Below this sentence is a listing; return exactly its lines from the one with "Design review of" to the one with "(3) Clearance check", both kept, and nothing more.

· · · ·

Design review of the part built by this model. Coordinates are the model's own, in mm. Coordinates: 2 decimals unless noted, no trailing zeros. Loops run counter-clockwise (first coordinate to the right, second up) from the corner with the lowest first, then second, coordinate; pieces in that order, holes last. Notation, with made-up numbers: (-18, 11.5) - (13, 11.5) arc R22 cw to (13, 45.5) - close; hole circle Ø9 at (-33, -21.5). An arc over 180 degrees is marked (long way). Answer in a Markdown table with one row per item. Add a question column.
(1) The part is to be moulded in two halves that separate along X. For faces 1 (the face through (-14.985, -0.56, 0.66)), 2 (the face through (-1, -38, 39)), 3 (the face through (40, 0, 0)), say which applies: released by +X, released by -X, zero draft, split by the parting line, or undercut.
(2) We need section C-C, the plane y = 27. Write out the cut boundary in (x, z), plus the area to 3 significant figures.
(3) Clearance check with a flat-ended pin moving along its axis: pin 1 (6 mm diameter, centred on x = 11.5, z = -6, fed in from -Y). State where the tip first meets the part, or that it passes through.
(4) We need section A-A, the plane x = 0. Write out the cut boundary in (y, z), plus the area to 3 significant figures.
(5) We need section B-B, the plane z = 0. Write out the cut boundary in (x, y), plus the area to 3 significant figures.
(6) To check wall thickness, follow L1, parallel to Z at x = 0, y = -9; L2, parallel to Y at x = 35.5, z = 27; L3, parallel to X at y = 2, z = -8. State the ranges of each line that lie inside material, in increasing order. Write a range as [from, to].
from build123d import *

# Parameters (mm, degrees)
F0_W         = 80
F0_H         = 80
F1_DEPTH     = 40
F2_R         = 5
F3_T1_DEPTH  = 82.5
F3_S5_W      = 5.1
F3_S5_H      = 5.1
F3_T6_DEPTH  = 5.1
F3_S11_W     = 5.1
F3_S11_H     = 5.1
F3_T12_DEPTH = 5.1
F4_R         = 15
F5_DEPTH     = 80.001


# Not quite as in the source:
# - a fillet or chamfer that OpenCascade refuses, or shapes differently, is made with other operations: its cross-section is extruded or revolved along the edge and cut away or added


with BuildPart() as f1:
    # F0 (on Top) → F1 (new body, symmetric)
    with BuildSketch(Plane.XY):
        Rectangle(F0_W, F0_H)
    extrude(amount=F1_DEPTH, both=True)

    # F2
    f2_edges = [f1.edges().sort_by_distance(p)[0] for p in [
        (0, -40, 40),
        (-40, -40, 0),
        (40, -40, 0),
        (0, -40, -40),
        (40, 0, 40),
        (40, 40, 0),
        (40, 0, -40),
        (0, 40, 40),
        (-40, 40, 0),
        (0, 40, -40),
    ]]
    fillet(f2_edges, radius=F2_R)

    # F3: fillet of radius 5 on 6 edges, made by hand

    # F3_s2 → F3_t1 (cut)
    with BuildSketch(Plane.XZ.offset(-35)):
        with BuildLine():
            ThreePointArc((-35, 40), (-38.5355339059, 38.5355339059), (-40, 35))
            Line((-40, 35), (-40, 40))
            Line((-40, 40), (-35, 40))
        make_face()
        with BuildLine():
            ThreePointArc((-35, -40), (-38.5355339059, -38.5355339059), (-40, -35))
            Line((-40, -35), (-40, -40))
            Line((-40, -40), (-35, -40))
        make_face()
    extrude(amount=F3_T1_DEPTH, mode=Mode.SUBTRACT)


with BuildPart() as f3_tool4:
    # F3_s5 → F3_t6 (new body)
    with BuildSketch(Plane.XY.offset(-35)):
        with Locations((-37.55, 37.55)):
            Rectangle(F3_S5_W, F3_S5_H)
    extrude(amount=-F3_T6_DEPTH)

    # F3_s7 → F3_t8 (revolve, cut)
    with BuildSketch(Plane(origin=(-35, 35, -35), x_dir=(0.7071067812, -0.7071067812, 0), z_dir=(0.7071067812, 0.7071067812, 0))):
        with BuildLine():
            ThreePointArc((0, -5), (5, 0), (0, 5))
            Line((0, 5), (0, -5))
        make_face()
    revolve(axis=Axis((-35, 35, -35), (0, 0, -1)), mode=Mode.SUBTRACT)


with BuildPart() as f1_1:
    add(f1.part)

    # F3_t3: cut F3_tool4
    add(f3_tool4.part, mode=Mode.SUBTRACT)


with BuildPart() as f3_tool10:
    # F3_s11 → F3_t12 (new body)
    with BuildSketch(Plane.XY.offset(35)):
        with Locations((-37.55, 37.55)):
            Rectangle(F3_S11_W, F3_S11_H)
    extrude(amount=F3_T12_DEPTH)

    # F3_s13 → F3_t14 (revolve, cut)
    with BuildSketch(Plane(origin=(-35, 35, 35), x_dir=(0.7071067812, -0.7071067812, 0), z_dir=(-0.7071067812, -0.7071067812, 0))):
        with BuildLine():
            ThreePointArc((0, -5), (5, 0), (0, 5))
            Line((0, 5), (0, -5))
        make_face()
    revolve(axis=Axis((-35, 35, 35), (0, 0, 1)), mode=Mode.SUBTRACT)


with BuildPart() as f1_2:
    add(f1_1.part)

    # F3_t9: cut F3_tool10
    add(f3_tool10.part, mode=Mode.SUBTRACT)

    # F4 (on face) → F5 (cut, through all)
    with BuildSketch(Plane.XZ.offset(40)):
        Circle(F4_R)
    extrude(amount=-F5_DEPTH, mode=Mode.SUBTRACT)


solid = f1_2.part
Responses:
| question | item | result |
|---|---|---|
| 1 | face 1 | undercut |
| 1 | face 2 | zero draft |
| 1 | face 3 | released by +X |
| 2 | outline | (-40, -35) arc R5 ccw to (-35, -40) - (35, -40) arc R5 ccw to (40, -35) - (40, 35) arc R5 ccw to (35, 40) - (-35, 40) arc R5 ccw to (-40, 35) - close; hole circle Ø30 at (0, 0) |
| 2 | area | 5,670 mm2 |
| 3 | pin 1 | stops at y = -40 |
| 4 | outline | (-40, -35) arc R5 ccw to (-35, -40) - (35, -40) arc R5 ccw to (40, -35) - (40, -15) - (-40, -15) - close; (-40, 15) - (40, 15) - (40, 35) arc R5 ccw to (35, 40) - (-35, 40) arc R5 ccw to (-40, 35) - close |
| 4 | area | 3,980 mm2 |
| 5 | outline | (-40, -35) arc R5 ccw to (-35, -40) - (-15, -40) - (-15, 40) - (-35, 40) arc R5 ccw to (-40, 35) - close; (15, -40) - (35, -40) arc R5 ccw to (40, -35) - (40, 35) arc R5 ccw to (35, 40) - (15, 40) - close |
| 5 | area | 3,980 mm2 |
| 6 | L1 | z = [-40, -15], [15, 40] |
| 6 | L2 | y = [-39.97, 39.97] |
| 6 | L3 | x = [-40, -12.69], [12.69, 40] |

· · · ·

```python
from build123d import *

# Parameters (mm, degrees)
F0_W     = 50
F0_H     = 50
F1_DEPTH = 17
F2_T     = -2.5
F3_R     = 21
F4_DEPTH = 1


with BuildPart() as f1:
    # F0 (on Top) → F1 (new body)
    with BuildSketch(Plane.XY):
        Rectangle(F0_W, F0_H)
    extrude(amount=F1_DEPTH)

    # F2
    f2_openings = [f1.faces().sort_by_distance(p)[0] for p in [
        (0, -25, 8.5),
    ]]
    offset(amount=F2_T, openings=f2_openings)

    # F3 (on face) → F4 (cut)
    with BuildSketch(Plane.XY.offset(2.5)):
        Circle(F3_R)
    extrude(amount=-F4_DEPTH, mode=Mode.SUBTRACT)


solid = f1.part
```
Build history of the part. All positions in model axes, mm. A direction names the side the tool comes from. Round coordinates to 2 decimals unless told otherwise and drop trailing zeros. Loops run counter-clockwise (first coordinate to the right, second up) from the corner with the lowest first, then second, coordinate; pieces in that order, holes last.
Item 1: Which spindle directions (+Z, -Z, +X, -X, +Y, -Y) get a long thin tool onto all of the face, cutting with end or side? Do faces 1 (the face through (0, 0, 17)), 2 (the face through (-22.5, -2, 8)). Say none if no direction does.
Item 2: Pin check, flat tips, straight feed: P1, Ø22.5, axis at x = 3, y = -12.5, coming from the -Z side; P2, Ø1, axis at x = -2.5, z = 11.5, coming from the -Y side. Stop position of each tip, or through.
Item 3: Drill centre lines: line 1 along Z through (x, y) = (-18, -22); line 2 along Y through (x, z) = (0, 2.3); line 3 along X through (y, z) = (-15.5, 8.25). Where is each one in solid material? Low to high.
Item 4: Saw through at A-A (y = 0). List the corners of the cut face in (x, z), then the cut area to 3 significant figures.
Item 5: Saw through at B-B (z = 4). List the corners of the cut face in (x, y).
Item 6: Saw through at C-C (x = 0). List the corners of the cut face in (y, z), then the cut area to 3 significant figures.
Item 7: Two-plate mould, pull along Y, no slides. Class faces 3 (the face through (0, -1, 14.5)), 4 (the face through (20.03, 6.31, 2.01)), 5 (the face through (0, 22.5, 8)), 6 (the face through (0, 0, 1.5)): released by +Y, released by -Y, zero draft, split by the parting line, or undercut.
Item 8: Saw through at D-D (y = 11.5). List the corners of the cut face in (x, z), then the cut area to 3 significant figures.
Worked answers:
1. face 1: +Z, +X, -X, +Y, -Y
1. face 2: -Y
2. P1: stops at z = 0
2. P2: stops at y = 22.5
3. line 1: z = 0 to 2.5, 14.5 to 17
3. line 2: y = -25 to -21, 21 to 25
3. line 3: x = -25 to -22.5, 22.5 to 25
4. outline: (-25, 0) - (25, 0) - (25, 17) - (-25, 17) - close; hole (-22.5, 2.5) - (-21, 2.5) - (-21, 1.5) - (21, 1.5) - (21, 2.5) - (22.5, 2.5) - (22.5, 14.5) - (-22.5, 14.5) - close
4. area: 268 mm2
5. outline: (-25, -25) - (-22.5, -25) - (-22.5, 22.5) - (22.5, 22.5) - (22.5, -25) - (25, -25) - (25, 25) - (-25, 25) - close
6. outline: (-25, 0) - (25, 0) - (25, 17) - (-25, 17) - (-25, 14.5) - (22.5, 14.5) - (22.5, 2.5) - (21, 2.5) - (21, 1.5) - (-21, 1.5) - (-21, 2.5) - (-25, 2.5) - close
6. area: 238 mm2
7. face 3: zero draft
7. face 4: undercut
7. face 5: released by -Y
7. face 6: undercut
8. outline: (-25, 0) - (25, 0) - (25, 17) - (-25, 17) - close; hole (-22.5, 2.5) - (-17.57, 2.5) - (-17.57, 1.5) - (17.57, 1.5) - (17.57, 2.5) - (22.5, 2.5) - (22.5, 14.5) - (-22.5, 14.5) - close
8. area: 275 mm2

· · · ·

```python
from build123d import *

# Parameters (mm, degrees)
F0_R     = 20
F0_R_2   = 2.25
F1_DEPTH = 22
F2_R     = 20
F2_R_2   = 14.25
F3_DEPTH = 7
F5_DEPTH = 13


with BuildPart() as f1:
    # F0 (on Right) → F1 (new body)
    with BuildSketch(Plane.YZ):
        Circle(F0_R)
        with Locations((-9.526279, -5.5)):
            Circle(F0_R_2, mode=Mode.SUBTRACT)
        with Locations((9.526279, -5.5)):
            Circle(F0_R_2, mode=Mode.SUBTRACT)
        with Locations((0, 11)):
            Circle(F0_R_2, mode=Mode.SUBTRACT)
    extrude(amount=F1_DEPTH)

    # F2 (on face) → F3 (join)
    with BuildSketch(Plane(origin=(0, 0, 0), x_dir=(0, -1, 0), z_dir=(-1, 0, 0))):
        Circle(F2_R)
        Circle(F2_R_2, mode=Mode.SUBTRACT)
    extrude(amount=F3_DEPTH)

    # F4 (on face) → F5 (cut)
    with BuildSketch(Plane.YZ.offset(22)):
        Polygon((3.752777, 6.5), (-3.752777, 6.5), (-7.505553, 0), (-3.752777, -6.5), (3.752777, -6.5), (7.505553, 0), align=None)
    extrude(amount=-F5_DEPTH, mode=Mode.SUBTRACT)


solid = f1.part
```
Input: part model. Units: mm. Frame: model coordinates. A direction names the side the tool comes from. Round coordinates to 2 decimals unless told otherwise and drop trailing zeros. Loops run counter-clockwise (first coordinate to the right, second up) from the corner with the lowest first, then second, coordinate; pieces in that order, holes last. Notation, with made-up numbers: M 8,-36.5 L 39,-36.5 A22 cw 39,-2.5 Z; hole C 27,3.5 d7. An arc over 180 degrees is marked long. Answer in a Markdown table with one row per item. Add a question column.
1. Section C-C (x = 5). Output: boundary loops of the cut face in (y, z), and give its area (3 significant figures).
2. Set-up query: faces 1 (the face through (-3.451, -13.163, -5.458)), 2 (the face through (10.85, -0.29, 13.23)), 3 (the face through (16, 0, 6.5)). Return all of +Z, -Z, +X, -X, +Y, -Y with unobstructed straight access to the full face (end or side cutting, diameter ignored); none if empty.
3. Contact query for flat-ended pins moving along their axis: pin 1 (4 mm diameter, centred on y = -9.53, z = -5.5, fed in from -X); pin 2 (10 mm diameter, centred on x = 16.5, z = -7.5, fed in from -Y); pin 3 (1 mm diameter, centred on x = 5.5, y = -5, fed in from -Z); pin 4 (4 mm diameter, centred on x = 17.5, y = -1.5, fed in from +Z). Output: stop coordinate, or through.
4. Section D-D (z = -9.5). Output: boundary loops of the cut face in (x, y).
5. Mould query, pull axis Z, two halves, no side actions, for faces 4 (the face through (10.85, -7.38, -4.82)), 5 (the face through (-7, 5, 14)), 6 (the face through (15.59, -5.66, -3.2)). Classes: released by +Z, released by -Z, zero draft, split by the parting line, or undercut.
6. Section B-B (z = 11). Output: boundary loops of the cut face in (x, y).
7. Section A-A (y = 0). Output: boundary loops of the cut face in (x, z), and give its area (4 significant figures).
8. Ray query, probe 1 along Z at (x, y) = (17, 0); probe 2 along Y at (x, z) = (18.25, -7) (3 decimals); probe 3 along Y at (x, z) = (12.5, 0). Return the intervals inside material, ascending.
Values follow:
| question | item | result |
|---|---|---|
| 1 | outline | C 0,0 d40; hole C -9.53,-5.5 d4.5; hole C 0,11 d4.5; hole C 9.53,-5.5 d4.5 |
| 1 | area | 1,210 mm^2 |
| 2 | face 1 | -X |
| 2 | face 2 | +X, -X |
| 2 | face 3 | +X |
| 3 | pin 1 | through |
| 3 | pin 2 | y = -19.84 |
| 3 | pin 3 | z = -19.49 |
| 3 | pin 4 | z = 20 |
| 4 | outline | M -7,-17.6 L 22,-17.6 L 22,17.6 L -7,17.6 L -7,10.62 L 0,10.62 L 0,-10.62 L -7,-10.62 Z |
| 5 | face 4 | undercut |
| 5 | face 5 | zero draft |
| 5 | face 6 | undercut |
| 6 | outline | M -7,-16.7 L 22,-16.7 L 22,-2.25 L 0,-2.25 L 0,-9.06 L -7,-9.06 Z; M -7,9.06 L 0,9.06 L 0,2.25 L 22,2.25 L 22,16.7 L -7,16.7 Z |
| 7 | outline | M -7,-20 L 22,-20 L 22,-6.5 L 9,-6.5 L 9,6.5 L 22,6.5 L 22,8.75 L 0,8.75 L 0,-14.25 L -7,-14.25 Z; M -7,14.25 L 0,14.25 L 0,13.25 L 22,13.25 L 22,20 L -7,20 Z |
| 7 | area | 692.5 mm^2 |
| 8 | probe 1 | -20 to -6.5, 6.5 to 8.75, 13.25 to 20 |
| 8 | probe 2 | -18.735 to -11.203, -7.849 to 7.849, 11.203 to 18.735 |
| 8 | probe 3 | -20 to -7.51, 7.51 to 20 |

· · · ·

» RESPONSE TO THIS EXERCISE
Design review of the part built by this model. Coordinates are the model's own, in mm. Coordinates: 2 decimals unless noted, no trailing zeros. Loops run counter-clockwise (first coordinate to the right, second up) from the corner with the lowest first, then second, coordinate; pieces in that order, holes last. Notation, with made-up numbers: (-18, 11.5) - (13, 11.5) arc R22 cw to (13, 45.5) - close; hole circle Ø9 at (-33, -21.5). An arc over 180 degrees is marked (long way). Answer in a Markdown table with one row per item. Add a question column.
(1) The part is to be moulded in two halves that separate along X. For faces 1 (the face through (-14.985, -0.56, 0.66)), 2 (the face through (-1, -38, 39)), 3 (the face through (40, 0, 0)), say which applies: released by +X, released by -X, zero draft, split by the parting line, or undercut.
(2) We need section C-C, the plane y = 27. Write out the cut boundary in (x, z), plus the area to 3 significant figures.
(3) Clearance check with a flat-ended pin moving along its axis: pin 1 (6 mm diameter, centred on x = 11.5, z = -6, fed in from -Y). State where the tip first meets the part, or that it passes through.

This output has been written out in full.